* _Task brief_
Transcription should be exact. Include all entries.

Top of Records supplied

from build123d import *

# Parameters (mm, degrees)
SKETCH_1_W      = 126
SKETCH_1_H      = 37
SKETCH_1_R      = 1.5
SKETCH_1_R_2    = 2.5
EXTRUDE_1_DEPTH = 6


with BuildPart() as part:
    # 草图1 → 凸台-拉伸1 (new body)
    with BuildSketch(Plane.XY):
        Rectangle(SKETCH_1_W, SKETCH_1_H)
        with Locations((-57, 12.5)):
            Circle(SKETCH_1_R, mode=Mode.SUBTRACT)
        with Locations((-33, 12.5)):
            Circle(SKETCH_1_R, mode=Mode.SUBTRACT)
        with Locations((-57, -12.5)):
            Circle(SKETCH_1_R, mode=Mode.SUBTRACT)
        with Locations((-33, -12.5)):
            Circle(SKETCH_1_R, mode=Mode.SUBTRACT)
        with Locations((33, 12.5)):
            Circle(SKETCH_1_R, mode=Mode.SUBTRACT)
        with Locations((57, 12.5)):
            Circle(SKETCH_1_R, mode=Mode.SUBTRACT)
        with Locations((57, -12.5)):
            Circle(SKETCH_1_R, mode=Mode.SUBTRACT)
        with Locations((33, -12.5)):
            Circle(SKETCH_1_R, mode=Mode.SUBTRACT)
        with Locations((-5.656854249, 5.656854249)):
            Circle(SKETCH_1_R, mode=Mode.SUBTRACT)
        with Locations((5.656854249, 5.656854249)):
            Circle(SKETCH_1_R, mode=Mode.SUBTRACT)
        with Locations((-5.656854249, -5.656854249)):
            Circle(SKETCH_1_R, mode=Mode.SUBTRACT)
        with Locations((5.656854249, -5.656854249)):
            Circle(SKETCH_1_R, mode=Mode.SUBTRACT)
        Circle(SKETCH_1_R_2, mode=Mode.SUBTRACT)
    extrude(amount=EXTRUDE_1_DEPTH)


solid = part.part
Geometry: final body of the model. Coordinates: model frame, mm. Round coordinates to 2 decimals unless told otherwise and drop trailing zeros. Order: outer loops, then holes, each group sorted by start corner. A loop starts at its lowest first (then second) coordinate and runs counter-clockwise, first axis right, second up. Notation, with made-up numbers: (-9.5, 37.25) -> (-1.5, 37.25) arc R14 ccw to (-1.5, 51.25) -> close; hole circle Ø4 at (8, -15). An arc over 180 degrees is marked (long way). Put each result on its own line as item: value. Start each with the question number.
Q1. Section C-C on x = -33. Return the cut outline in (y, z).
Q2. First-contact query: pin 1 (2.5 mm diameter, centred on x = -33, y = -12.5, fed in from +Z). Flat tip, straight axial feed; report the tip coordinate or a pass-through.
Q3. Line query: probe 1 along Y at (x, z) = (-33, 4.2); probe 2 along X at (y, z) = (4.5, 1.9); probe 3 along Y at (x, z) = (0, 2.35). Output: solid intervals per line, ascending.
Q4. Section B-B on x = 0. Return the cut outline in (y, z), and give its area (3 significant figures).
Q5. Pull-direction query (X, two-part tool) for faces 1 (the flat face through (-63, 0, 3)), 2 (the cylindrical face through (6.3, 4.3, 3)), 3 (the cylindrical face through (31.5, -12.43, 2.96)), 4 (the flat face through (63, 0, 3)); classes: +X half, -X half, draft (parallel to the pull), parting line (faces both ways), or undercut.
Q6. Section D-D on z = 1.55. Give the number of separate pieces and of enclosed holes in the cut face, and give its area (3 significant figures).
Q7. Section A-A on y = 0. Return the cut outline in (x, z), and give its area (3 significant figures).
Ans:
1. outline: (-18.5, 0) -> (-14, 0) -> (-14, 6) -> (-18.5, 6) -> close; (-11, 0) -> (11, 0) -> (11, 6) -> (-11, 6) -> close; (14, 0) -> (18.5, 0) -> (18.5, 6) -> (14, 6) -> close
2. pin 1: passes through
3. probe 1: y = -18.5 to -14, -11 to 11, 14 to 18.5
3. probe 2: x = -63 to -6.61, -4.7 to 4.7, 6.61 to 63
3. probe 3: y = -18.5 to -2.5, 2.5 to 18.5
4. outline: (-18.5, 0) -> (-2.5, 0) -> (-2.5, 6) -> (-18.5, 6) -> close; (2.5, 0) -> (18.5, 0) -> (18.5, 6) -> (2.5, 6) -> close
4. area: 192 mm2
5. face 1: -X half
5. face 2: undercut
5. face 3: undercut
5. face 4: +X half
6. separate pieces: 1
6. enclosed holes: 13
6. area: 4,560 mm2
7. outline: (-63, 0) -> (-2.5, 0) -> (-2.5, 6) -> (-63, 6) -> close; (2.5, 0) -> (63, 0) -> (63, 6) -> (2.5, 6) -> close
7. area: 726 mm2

Bottom of Records supplied

* _Written answer_
from build123d import *

# Parameters (mm, degrees)
SKETCH_1_W      = 126
SKETCH_1_H      = 37
SKETCH_1_R      = 1.5
SKETCH_1_R_2    = 2.5
EXTRUDE_1_DEPTH = 6


with BuildPart() as part:
    # 草图1 → 凸台-拉伸1 (new body)
    with BuildSketch(Plane.XY):
        Rectangle(SKETCH_1_W, SKETCH_1_H)
        with Locations((-57, 12.5)):
            Circle(SKETCH_1_R, mode=Mode.SUBTRACT)
        with Locations((-33, 12.5)):
            Circle(SKETCH_1_R, mode=Mode.SUBTRACT)
        with Locations((-57, -12.5)):
            Circle(SKETCH_1_R, mode=Mode.SUBTRACT)
        with Locations((-33, -12.5)):
            Circle(SKETCH_1_R, mode=Mode.SUBTRACT)
        with Locations((33, 12.5)):
            Circle(SKETCH_1_R, mode=Mode.SUBTRACT)
        with Locations((57, 12.5)):
            Circle(SKETCH_1_R, mode=Mode.SUBTRACT)
        with Locations((57, -12.5)):
            Circle(SKETCH_1_R, mode=Mode.SUBTRACT)
        with Locations((33, -12.5)):
            Circle(SKETCH_1_R, mode=Mode.SUBTRACT)
        with Locations((-5.656854249, 5.656854249)):
            Circle(SKETCH_1_R, mode=Mode.SUBTRACT)
        with Locations((5.656854249, 5.656854249)):
            Circle(SKETCH_1_R, mode=Mode.SUBTRACT)
        with Locations((-5.656854249, -5.656854249)):
            Circle(SKETCH_1_R, mode=Mode.SUBTRACT)
        with Locations((5.656854249, -5.656854249)):
            Circle(SKETCH_1_R, mode=Mode.SUBTRACT)
        Circle(SKETCH_1_R_2, mode=Mode.SUBTRACT)
    extrude(amount=EXTRUDE_1_DEPTH)


solid = part.part
Geometry: final body of the model. Coordinates: model frame, mm. Round coordinates to 2 decimals unless told otherwise and drop trailing zeros. Order: outer loops, then holes, each group sorted by start corner. A loop starts at its lowest first (then second) coordinate and runs counter-clockwise, first axis right, second up. Notation, with made-up numbers: (-9.5, 37.25) -> (-1.5, 37.25) arc R14 ccw to (-1.5, 51.25) -> close; hole circle Ø4 at (8, -15). An arc over 180 degrees is marked (long way). Put each result on its own line as item: value. Start each with the question number.
Q1. Section C-C on x = -33. Return the cut outline in (y, z).
Q2. First-contact query: pin 1 (2.5 mm diameter, centred on x = -33, y = -12.5, fed in from +Z). Flat tip, straight axial feed; report the tip coordinate or a pass-through.
Q3. Line query: probe 1 along Y at (x, z) = (-33, 4.2); probe 2 along X at (y, z) = (4.5, 1.9); probe 3 along Y at (x, z) = (0, 2.35). Output: solid intervals per line, ascending.
Q4. Section B-B on x = 0. Return the cut outline in (y, z), and give its area (3 significant figures).
Q5. Pull-direction query (X, two-part tool) for faces 1 (the flat face through (-63, 0, 3)), 2 (the cylindrical face through (6.3, 4.3, 3)), 3 (the cylindrical face through (31.5, -12.43, 2.96)), 4 (the flat face through (63, 0, 3)); classes: +X half, -X half, draft (parallel to the pull), parting line (faces both ways), or undercut.
Q6. Section D-D on z = 1.55. Give the number of separate pieces and of enclosed holes in the cut face, and give its area (3 significant figures).
Q7. Section A-A on y = 0. Return the cut outline in (x, z), and give its area (3 significant figures).
Ans:
1. outline: (-18.5, 0) -> (-14, 0) -> (-14, 6) -> (-18.5, 6) -> close; (-11, 0) -> (11, 0) -> (11, 6) -> (-11, 6) -> close; (14, 0) -> (18.5, 0) -> (18.5, 6) -> (14, 6) -> close
2. pin 1: passes through
3. probe 1: y = -18.5 to -14, -11 to 11, 14 to 18.5
3. probe 2: x = -63 to -6.61, -4.7 to 4.7, 6.61 to 63
3. probe 3: y = -18.5 to -2.5, 2.5 to 18.5
4. outline: (-18.5, 0) -> (-2.5, 0) -> (-2.5, 6) -> (-18.5, 6) -> close; (2.5, 0) -> (18.5, 0) -> (18.5, 6) -> (2.5, 6) -> close
4. area: 192 mm2
5. face 1: -X half
5. face 2: undercut
5. face 3: undercut
5. face 4: +X half
6. separate pieces: 1
6. enclosed holes: 13
6. area: 4,560 mm2
7. outline: (-63, 0) -> (-2.5, 0) -> (-2.5, 6) -> (-63, 6) -> close; (2.5, 0) -> (63, 0) -> (63, 6) -> (2.5, 6) -> close
7. area: 726 mm2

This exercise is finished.